> _Exercise instructions_:
The lines to return are those from the line holding "3) small box <box>441,410,534,558</box>" through the last line of the entries below, both included, written exactly and without pictures.

━━━━━━━━

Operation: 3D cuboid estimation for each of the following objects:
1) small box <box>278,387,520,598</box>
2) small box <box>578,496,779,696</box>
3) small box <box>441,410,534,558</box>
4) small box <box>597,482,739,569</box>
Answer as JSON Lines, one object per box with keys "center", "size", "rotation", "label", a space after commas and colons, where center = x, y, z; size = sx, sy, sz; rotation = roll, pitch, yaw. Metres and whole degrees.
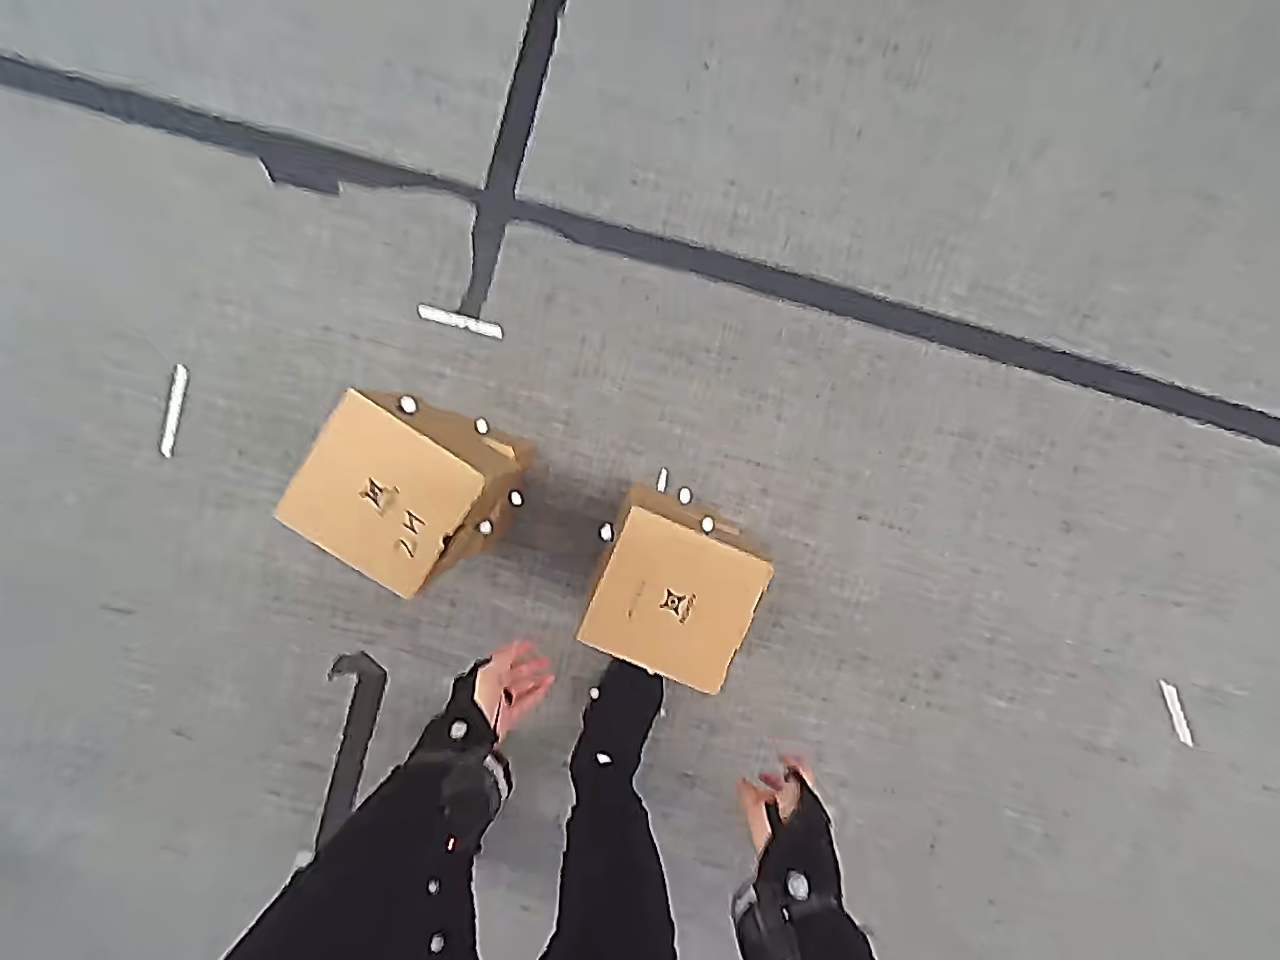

━━━━━━━━

> _Result for this exercise_:
3) small box <box>441,410,534,558</box>
4) small box <box>597,482,739,569</box>
Answer as JSON Lines, one object per box with keys "center", "size", "rotation", "label", a space after commas and colons, where center = x, y, z; size = sx, sy, sz; rotation = roll, pitch, yaw. Metres and whole degrees.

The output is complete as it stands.